‘Table Talks’ were a famous genre of literature in the early nineteenth century, recording the conversation of well-known writers, such as Samuel Taylor Coleridge, William Hazlitt, and Charles Lamb.
We are going to host a series of ‘Table Talks’ associated with the project, which will take the form of interactive workshops led by relevant scholars in the field of Romantic Studies, with an aim to explore new perspectives on Romantic aesthetics, Romantic engagement with nature, society, and childhood, as well as later representations of Romantics and Romanticism.

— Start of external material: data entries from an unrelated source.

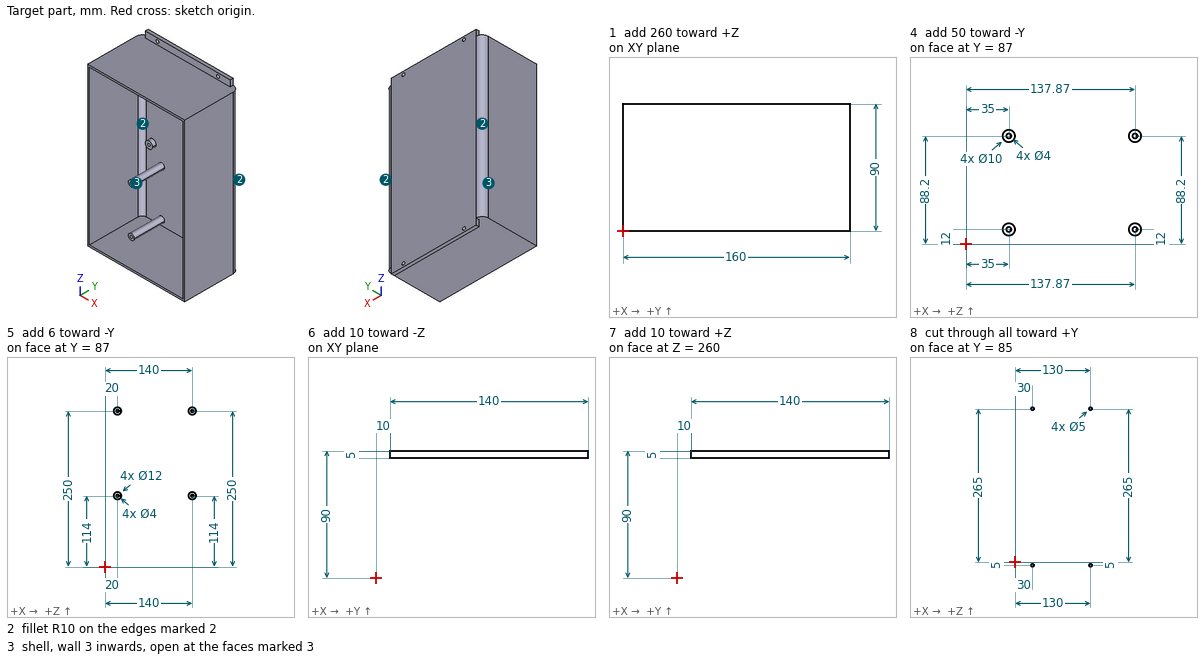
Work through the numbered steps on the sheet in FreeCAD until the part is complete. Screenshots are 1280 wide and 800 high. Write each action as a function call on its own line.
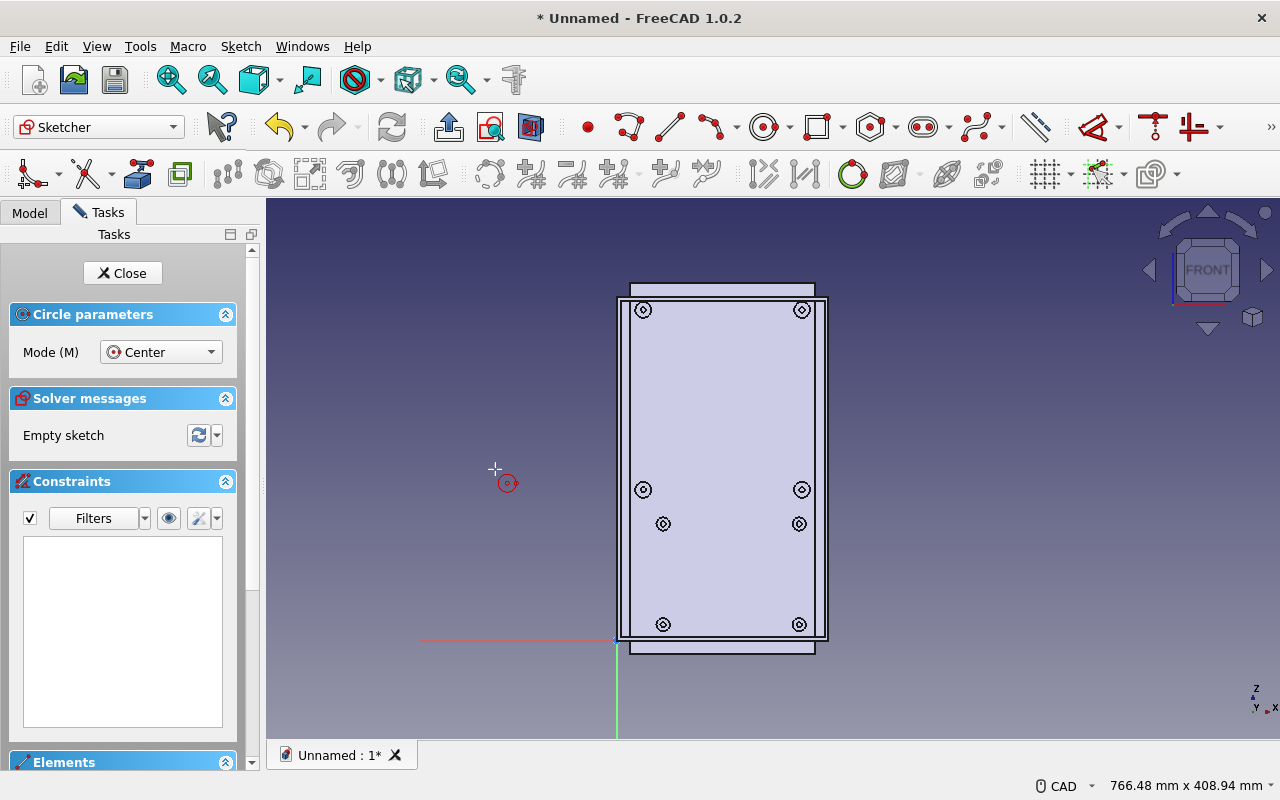
scroll(789, 290, up, 10)
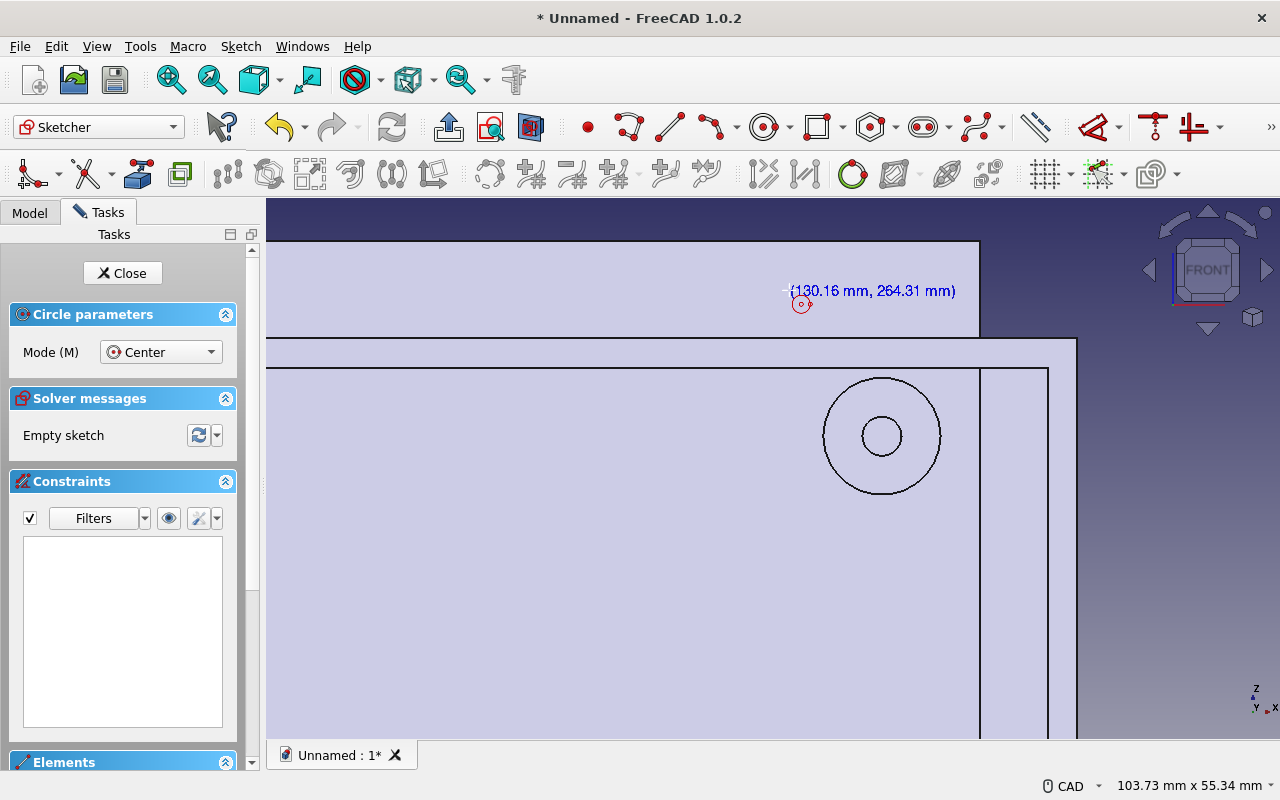
scroll(790, 290, down, 10)
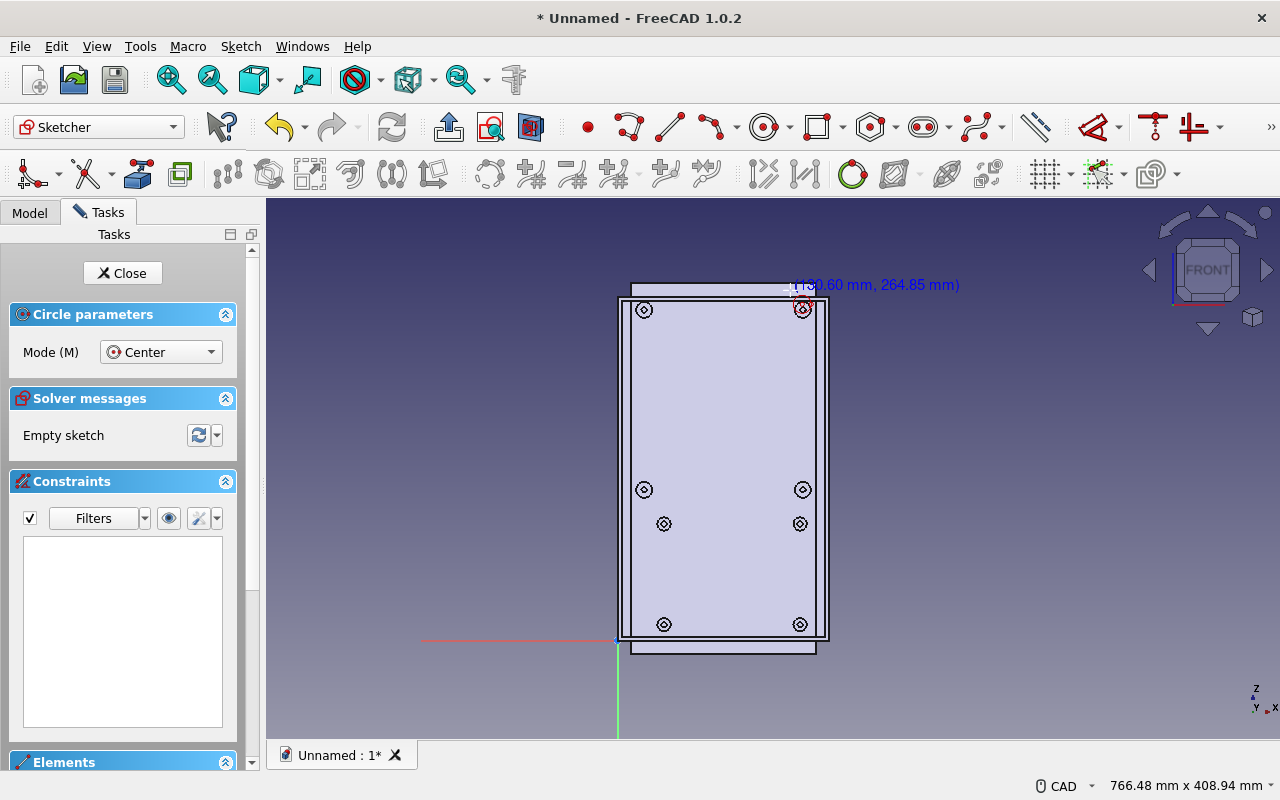
click(790, 290)
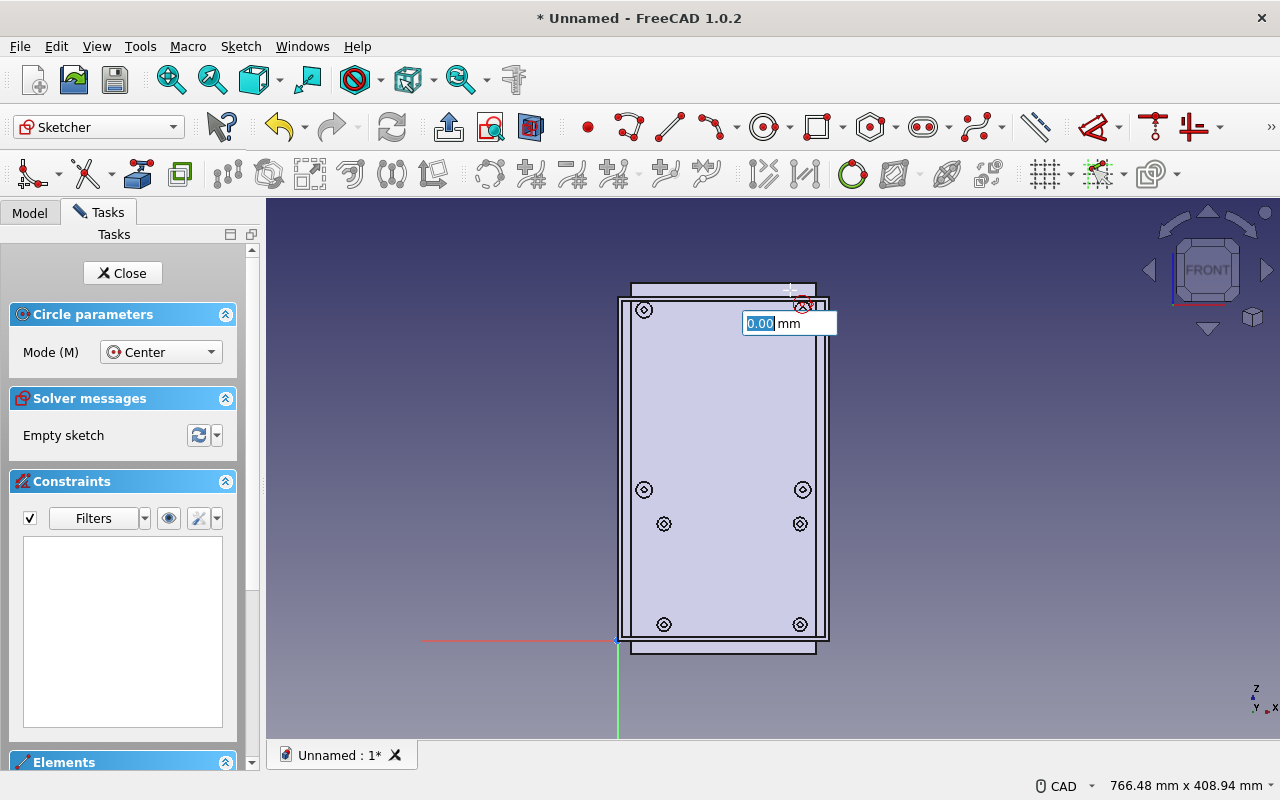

These ‘Table Talks’ will be structured as informal workshops bringing together established academics with postgraduate students and early career scholars to discuss new methodologies in Romantic Studies.

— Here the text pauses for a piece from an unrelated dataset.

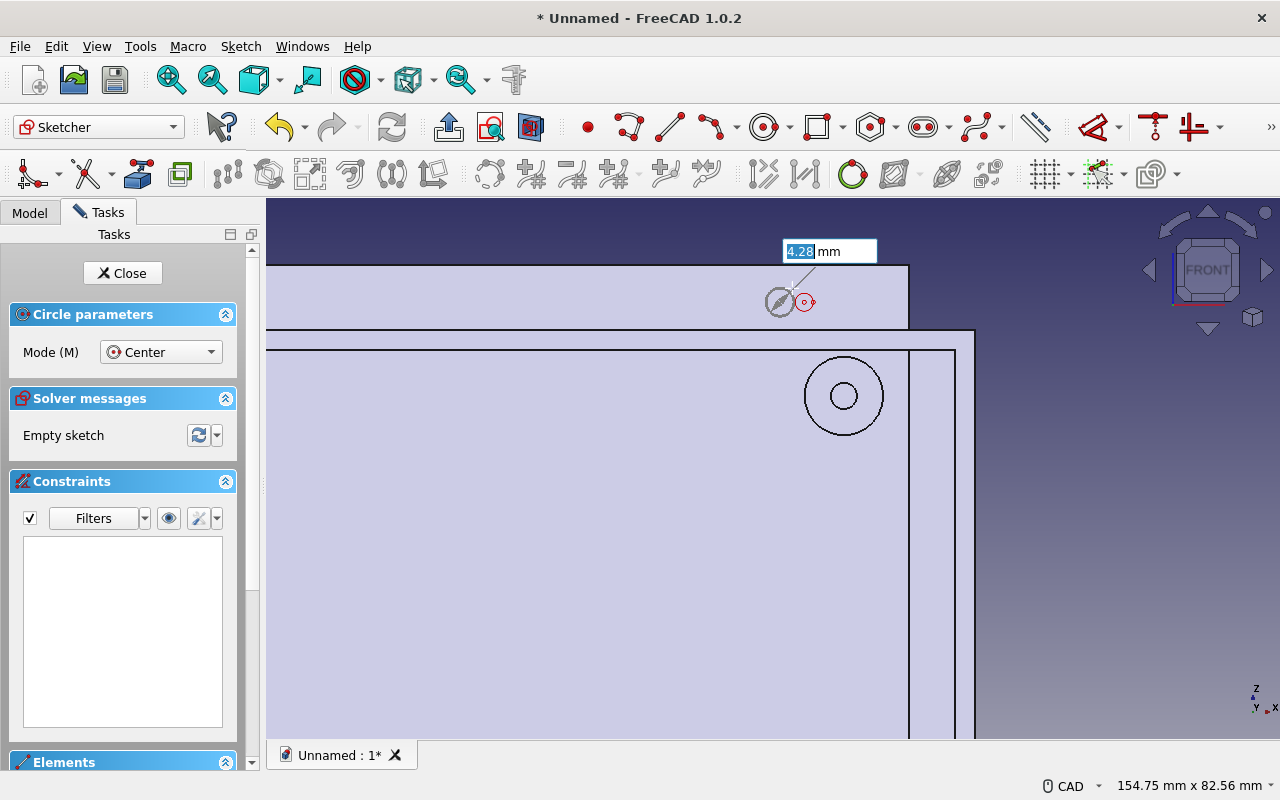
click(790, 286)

They will be recorded and disseminated as podcasts, available on the project website and advertised through social media.
‘Table Talks’ will draw on Wayne Booth’s idea of ‘co-duction’, discussed in Maureen McLane’s 2007 essay ‘Romanticism; Or, Now’. Co-duction means leading through conversation with peers, fitting the collective and collaborative spirit of ‘The Romantic Ridiculous’.
We will host 4 ‘Table Talks’ to take place over the course of the fellowship at Edge Hill, focusing on the following areas:
1) New approaches to Romanticism and the natural world
This ‘Table Talk’ will focus on how Romantic writers represented the natural world as ridiculous and include readings from Coleridge’s notebooks, letters, and poetry in conversation with selections from Dr Elizabeth Edwards (CAWCS/Centre for Advanced Welsh & Celtic Studies).
2) New approaches to Romanticism and the social world
This ‘Table Talk’ will focus on ridiculous representation of Romantic-period society and include selections from Hazlitt, Lamb, Peacock, Austen, and Coleridge in conversation with selections from Dr Felicity James (University of Leicester).
3) New approaches to Romantic legacies
This ‘Table Talk’ will focus on Romantic period and later satire/caricature, especially of childhood and in children’s literature, and include selections from Romantic-period and contemporary children’s literature sourced from Newcastle’s 7 Stories collection and co-presented with Lucy Pearson (Newcastle University).
4) New approaches to teaching Romanticism
This ‘Table Talk’ will draw on the collaborative work undertaken by the principal investigator and the postdoctoral researcher both in terms of Romanticism and children’s literature, as well as the project’s Impact activities, to explore alternative approaches to teaching Romantic-period writing, with the workshop open to secondary school teachers and including presentations from teachers involved in the Impact activities.
These ‘Table Talks’ will also be used as markers for the progress of the research project – opportunities to present work-in-progress to a mixture of established academics, early career academics, as well as secondary school teachers as well as stakeholders in cultural heritage organizations.